Les Principes et les Mœurs de la République/Les mœurs républicaines/I


I

la dignité personnelle.


Le premier point est de respecter en soi-même la dignité humaine. Celui qui s’enveloppe de cette vertu est à l’abri de tous les vices sur lesquels s’appuie le despotisme et qui corrompent les républiques où ils se glissent. Il ne courbe point l’échine devant le pouvoir qui distribue les places et les honneurs, et ne veut rien devoir à la faveur, mais tout à son travail et à son mérite. Il ne sollicite jamais, suivant une expression consacrée dans la langue monarchique, mais qui doit disparaître de la langue républicaine ; et, même pour obtenir ce qu’il a conscience d’avoir mérité, il ne se fait le courtisan de personne. Ce n’est pas en lui qu’on trouvera jamais, soit dans la monarchie, l’étoffe d’un courtisan, soit dans la république, celle d’un flatteur du peuple. Le servilisme, ou, ce qui est au fond le même vice, la flatterie démagogique, lui est en horreur : il a l’âme trop fière pour y descendre, et il sait bien que, selon une énergique parole de Kant qu’on ne saurait trop répéter[1], « celui qui se fait ver n’a plus droit de se plaindre d’être écrasé. » Il n’a pas une moindre répugnance pour le mensonge, qui est aussi une dégradation : et, repoussant tout masque, il veut être vrai en toutes choses. Vous pouvez donc vous fier à sa parole ; c’est celle d’un homme. Le même respect de la dignité humaine inspirera à ceux qui en seront pénétrés l’horreur de l’ivrognerie et de tous les vices qui ravalent l’homme au rang de la brute et souillent, hélas ! sur une si grande échelle nos sociétés démocratiques. La sobriété, comme la sincérité, comme cette fierté d’âme qui chasse tout esprit de courtisanerie, doit être l’accompagnement et le soutien des républiques. Nous ne demandons pas aux républicains de retourner au brouet noir des Spartiates, mais de rejeter loin d’eux tout ce qui dégrade la personne humaine, tout ce qui tue l’amour du travail, tout ce qui étouffe en nous le sentiment de notre responsabilité et de nos devoirs.

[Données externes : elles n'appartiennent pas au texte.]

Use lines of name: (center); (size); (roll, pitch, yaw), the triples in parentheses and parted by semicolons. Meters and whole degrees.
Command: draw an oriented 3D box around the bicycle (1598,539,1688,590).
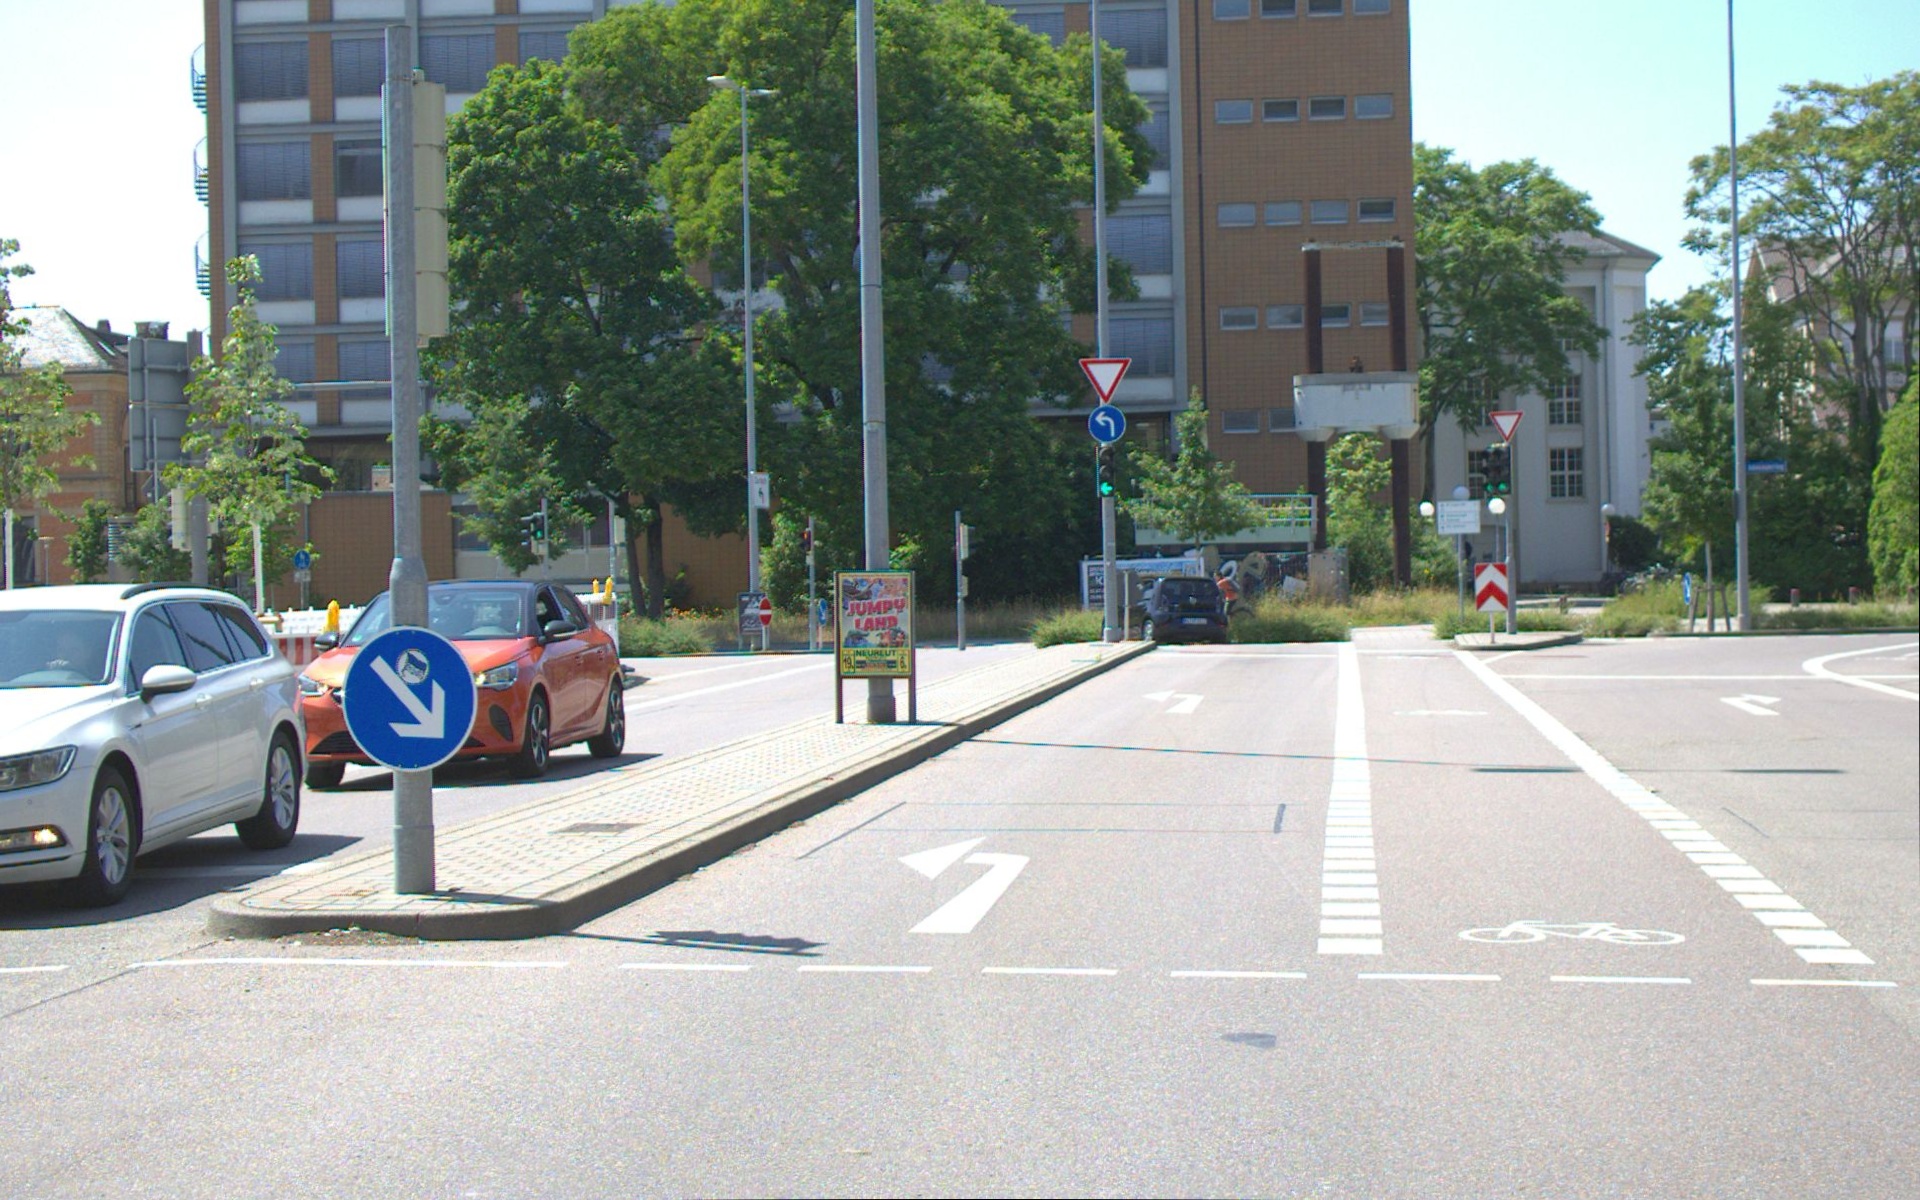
bicycle: (27.438, -1.443, 138.150); (3.448, 2.007, 0.760); (1, 0, 9)

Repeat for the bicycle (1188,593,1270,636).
bicycle: (6.799, 0.368, 86.886); (1.990, 1.042, 0.559); (-1, 2, -3)

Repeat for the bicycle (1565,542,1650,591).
bicycle: (27.163, -1.426, 144.231); (3.448, 2.007, 0.760); (1, 0, 9)

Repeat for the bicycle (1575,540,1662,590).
bicycle: (27.102, -1.435, 141.561); (3.448, 2.007, 0.760); (1, 0, 9)

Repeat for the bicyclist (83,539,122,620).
bicyclist: (-16.927, -0.403, 67.872); (0.497, 1.574, 0.530); (-2, -1, 24)

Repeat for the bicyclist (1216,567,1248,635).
bicyclist: (6.863, 0.022, 86.878); (0.700, 1.710, 0.552); (-1, 2, -7)

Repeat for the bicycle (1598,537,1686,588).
bicycle: (27.717, -1.531, 139.776); (3.448, 2.007, 0.760); (1, 0, 9)

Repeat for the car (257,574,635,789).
car: (-3.671, 0.541, 25.257); (1.688, 1.373, 4.012); (-3, 0, 7)

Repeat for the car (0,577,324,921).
car: (-4.640, 0.659, 16.907); (1.816, 1.423, 4.426); (-3, 1, 5)

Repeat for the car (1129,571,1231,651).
car: (4.400, 0.195, 69.204); (1.613, 1.547, 3.775); (1, 1, -3)

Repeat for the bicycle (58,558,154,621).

Ce sentiment est la condition vitale de tout système républicain. Non seulement il ne faut pas en étouffer le germe, mais il faut le développer dans toute sa plénitude, si l’on veut faire des hommes capables de vivre en république. C’est de là que naît ce respect de la dignité humaine dont nous venons de relever l’importance. C’est par là que les citoyens apprendront à s’aider eux-mêmes, au lieu de compter sur le secours d’autrui et de tout attendre de l’État. Ainsi se formera l’habitude de l’effort personnel et de l’initiative privée, si rare chez les peuples que le despotisme a tenus en tutelle, mais si nécessaire dans les républiques.

  1. Doctrine de la vertu, page 101 de ma traduction.